Because of that support, Cooper said he knew he had to have that same determination to help and uplift others when he enters the cannabis field.


“As it stands right now, the vast majority of cannabis businesses in this country are owned and operated by whites (>80%) while 4.3% are owned by African-Americans,” Cooper said. “New Jersey has passed landmark legislation that not only legalized recreational cannabis, but in the language of the bill they explicitly state that this enterprise should seek to repair past harms to our communities.

“Our businesses brand is all about conscientious capitalism that is grounded in collaborative community engagement. We wish to direct a portion of our revenue towards Camden to use as it sees fit for community improvement, but we won’t stop there. We will pay wages that are at the top end for cannabis industry workers to promote company loyalty and have our employees grow with our firm as we grow.

Cooper said professors saw his potential and went to bat for him in college despite his financial struggles. They saw his work ethic and because supporters. He said he will do the same with the company.

“We also want to train young hungry and hardworking Black, Brown, and underprivileged people in the cannabis industry,” Cooper said. “At some point we want to encourage and financial back these individuals to start companies of their own. They’ll be required to also have a significant social engagement effort as well.

“This is the path to building black cannabis business owners not only in our own backyards here in New Jersey, but around the country.
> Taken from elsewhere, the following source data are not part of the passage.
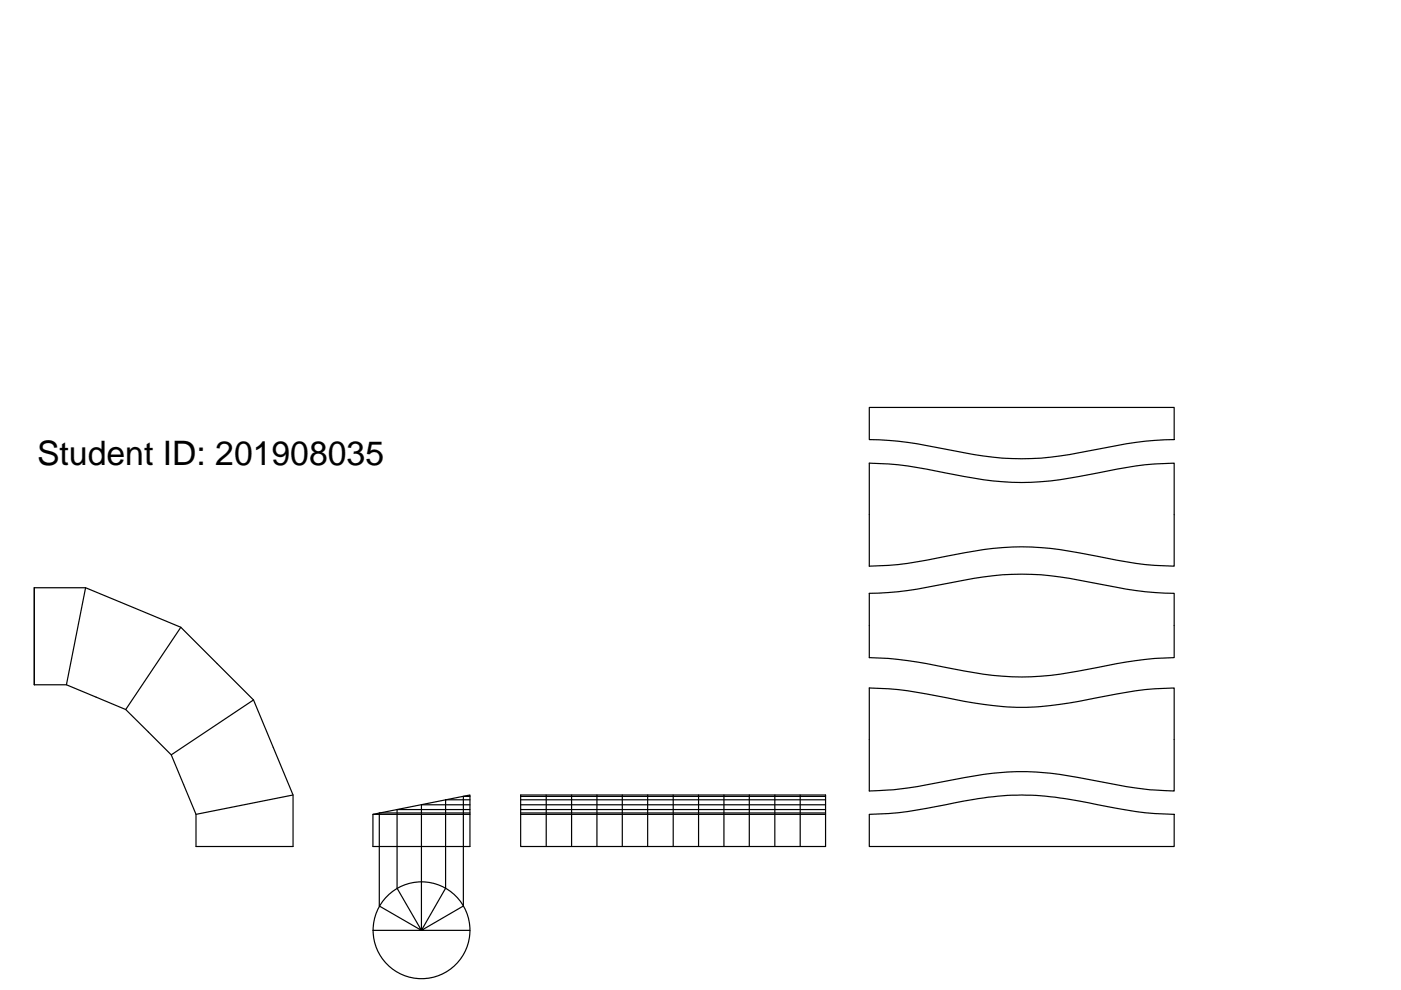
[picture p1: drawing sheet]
<svg xmlns="http://www.w3.org/2000/svg" width="297mm" height="210mm" viewBox="0 0 297 210" stroke-linecap="round" stroke-linejoin="round" font-family="sans-serif">
<defs><g id="words">
<text font-size="7.2" x="7.9" y="98.6">Student ID: 201908035</text>
</g></defs>
<!-- layer: 0 -->
<g fill="none" stroke="#000" stroke-width=".25">
<path d="M184.3 98.2l2 .1a72.2 72.2 0 0 1 14.2 2 67.7 67.7 0 0 0 20.2 1.8l4-.4 14.1-2.6a56 56 0 0 1 10.1-.9v21.8h-2a72.4 72.4 0 0 1-14.1-2 67.7 67.7 0 0 0-20.3-1.9l-4 .4-14 2.6a57.2 57.2 0 0 1-10.2 .9zM184.3 86.4h64.6v6.8l-6.1 .3-4 .6-6 1.1a69.6 69.6 0 0 1-20.3 1.9l-6-.7-14.1-2.6-4-.4-4.1-.2zM7.3 124.6h10.8l20.2 8.4 15.4 15.4 8.4 20.2v10.9h-20.5v-6.8l-5.3-12.7-4.8-4.8-4.8-4.8-12.6-5.2h-6.8zM18.1 124.6l-4 20.6M38.3 133l-11.6 17.4M184.3 125.8l4.1-.2 4-.4 8.1-1.4a69.6 69.6 0 0 1 20.2-1.9l6.1 .7 14 2.6 4 .4 4.1 .2v13.6l-4.1 .2-4 .5-8 1.4a67.7 67.7 0 0 1-20.3 1.9l-4-.5-16.1-2.8-4-.5-4.1-.2zM53.7 148.4l-17.4 11.6M184.3 145.9a73.6 73.6 0 0 1 16.2 2 67.5 67.5 0 0 0 18.1 2l4.1-.3 4.1-.6a154.6 154.6 0 0 1 18-3l4.1-.1v21.8a77.6 77.6 0 0 1-16.1-2.1 69.3 69.3 0 0 0-18.2-2l-1 .1a148.2 148.2 0 0 0-19.1 3.1l-5.1 .7-5.1 .2zM62.1 168.6l-20.5 4.1M79.1 172.7l20.5-4.1v10.9h-20.5zM79.1 172.7h20.5M99.6 168.9h-1.4v23.2l-8.8 5.2h10.2"/>
<path d="M99.6 169.6h-5.1v18.7l-5.1 9v-10.3M99.6 171.6h-15.4v16.7l5.2 9-9-5.2v-19.7h19.2M99.6 170.6h-10.2v16.4M110.4 168.6h64.6v10.9h-64.6zM110.4 172.7h64.6M110.4 172.4h64.6M110.4 171.6h64.6M110.4 170.6h64.6M110.4 169.6h64.6M110.4 168.9h64.6M115.8 168.6v10.9M121.2 168.6v10.9"/>
<path d="M126.6 168.6v10.9M131.9 168.6v10.9M137.3 168.6v10.9M142.7 168.6v10.9M148.1 168.6v10.9M153.5 168.6v10.9M158.9 168.6v10.9M164.3 168.6v10.9M169.7 168.6v10.9M184.3 172.7a82.9 82.9 0 0 0 18.2-2.5 61.6 61.6 0 0 1 28.3 0l8 1.5a56 56 0 0 0 10.1 1v6.8h-64.6zM79.1 197.3h10.3"/>
<circle cx="89.4" cy="197.2" r="10.3"/>
</g>
<use href="#words"/>
</svg>

There has been a long history with our people of succumbing to the ‘Crab in the Barrell Mentality.’ We seek to shatter that paradigm. That holdover from slavery has kept our people down.

“We haven’t done enough to build up our own communities and this mechanism (cannabis) could be just the start of undoing that insidiously harmful tendency. We not only want to foster and promote black cannabis enterprises, but also promote educational initiatives, specifically in STEM,” he continued.

Today, Cooper and his Ganj-A-GoGo partners are seeking their standard cultivation and standard manufacturing licenses to start operating in New Jersey. He credits influential Gloucester County NAACP President Loretta Winters with helping build a ground well of support for his efforts.

“I am not sure if I or our company will win the two initial licenses we seek but I intend to do everything in my power to work towards that goal,” Cooper said. “I have put my life’s savings on the line to realize this goal and there have been times when I have questioned this decision. I realize that I am not only fighting for my own future, but I am also fighting for the potential future of marginalized residents of Camden, New Jersey state, and the U.S.A. as well.

“We are still hunting for investments to make this dream a reality. I am fighting to get the word out about our company and the amazing team that we have. I invite anyone listening who has the means to help us reach these goals to reach out to us and let us tell them about what we are doing. 

“We are also open to any support from any industry partners that are on board with our ethos; starting a profitable cannabis business is the key, but there is no reason why we can’t do well for ourselves while doing good for others at the same time,” Cooper said.

He said more people his age demographic and younger are increasingly more conscious about where they spend their money.

“There is time for a change in this New Jersey community and the country at large. It is incumbent upon those of us with the energy and drive to help move the needle to creating responsible, ethical, and conscientious corporate entities; promoting sustainable business practices that do not exploit, but uplift.

“I am a huge advocate for the bud. It helped me profoundly. It allows me to calm myself after a long hard day. I have better sleep and less stress in my life as a result and I intend to share what I’ve learned with my community and the world,” he added.